**WHAT YOU WILL DO**
When a line in the entries contains the word "indicates", copy that line in full.

**DATA PROVIDED**
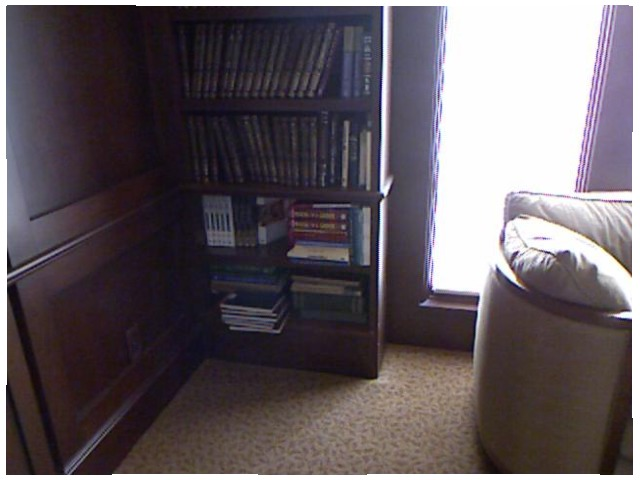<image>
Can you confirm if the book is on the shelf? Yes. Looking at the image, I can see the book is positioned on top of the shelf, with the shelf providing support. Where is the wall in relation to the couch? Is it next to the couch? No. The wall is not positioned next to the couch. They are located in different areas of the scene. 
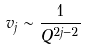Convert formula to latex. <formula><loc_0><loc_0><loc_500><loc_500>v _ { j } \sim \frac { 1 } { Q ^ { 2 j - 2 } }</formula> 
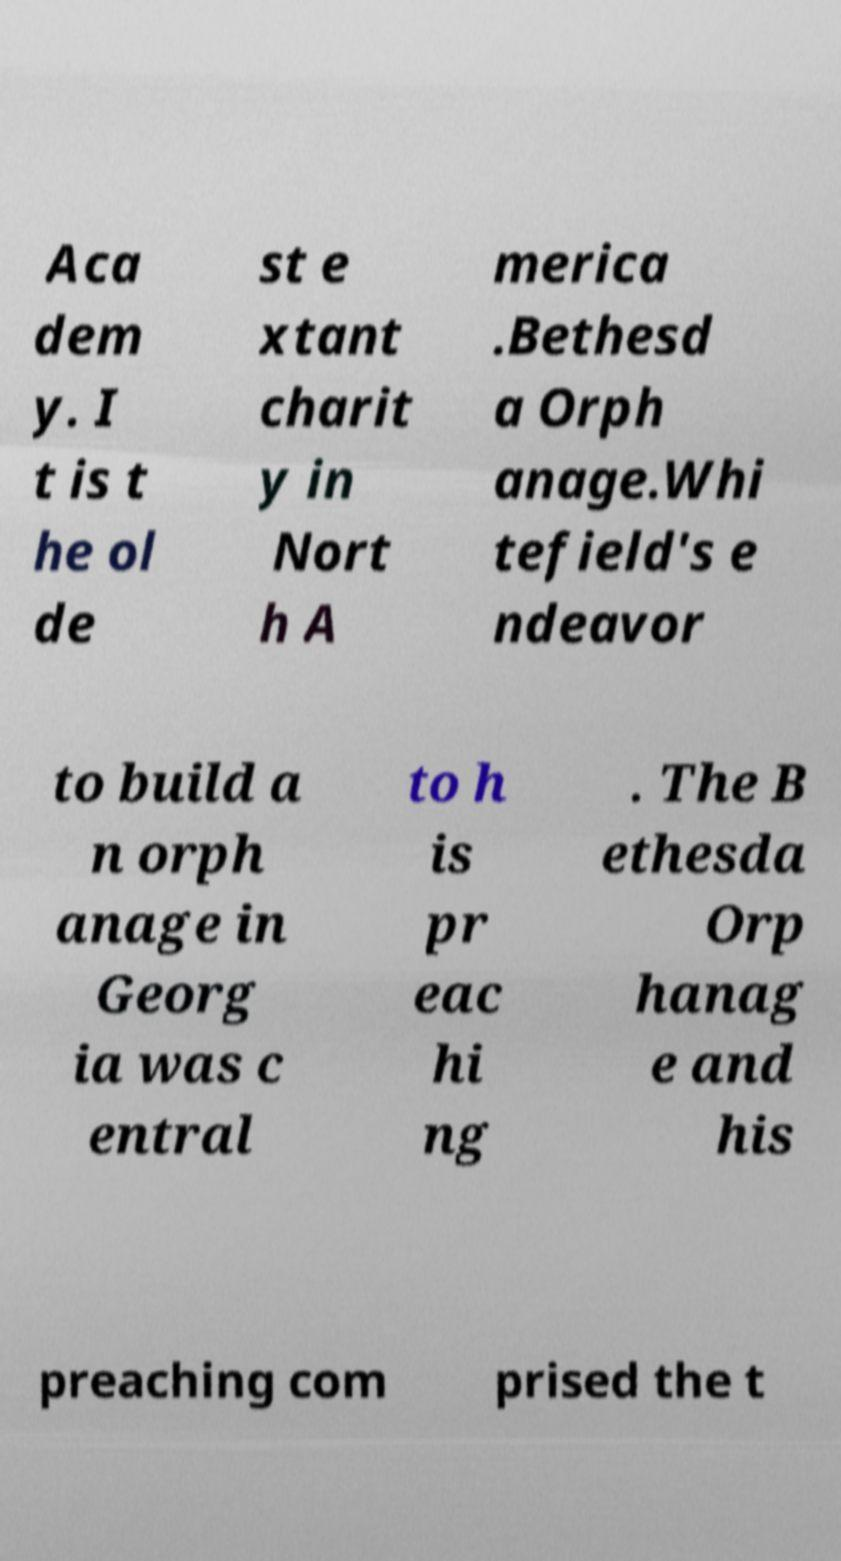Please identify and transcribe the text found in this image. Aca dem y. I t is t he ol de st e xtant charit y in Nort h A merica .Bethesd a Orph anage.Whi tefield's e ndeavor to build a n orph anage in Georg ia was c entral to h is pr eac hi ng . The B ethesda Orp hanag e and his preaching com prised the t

==

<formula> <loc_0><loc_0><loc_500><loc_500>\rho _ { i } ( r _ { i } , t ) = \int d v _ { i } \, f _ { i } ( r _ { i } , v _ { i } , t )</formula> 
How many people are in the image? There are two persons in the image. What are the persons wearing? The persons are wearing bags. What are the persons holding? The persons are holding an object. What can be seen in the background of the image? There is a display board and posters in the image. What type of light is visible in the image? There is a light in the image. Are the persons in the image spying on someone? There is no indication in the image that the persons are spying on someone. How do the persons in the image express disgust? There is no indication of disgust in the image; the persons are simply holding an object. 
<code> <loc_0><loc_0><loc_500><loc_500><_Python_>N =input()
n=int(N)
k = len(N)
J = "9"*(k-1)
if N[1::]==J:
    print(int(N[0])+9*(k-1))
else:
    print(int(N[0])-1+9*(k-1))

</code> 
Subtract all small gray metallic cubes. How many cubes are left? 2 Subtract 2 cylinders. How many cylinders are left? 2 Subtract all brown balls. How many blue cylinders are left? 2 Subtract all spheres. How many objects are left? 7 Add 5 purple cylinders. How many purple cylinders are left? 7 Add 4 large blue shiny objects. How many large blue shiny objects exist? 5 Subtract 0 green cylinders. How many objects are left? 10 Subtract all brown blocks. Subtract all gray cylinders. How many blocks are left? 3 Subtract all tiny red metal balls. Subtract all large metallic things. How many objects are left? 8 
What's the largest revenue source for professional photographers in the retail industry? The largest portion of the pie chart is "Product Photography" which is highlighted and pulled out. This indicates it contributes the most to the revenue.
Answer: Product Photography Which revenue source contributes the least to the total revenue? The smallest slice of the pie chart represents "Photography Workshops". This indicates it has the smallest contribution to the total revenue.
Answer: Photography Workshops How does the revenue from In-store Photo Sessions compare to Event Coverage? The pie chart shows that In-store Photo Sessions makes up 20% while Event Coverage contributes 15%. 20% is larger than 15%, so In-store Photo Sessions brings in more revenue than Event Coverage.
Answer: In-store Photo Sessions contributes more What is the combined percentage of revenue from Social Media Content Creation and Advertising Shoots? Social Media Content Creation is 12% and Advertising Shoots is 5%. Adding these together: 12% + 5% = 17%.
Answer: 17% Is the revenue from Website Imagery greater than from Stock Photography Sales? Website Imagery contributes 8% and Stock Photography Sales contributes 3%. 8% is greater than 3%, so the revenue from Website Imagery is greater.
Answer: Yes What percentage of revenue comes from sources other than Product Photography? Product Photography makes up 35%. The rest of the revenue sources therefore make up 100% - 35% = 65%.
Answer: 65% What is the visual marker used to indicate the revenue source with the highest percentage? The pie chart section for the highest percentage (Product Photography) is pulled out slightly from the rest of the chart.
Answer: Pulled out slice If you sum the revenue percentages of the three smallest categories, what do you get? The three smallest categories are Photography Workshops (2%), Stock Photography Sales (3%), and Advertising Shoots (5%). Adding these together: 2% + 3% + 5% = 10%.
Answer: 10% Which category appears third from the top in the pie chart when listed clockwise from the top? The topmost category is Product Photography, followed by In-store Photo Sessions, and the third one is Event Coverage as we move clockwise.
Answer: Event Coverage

---

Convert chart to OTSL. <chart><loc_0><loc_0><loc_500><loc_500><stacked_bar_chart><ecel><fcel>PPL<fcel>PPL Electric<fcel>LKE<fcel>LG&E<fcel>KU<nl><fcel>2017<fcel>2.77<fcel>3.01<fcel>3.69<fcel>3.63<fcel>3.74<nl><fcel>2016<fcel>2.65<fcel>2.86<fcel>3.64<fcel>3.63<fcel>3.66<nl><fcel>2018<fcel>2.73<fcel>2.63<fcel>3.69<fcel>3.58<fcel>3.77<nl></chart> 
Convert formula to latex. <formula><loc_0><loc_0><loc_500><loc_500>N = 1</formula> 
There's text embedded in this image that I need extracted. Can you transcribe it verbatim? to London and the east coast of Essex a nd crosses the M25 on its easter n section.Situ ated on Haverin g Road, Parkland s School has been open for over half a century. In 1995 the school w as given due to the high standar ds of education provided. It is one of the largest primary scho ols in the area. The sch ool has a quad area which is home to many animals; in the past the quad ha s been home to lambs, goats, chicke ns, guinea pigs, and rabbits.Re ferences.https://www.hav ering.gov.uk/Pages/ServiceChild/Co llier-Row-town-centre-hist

**YOUR SOLUTION**
What's the largest revenue source for professional photographers in the retail industry? The largest portion of the pie chart is "Product Photography" which is highlighted and pulled out. This indicates it contributes the most to the revenue.
Answer: Product Photography Which revenue source contributes the least to the total revenue? The smallest slice of the pie chart represents "Photography Workshops". This indicates it has the smallest contribution to the total revenue.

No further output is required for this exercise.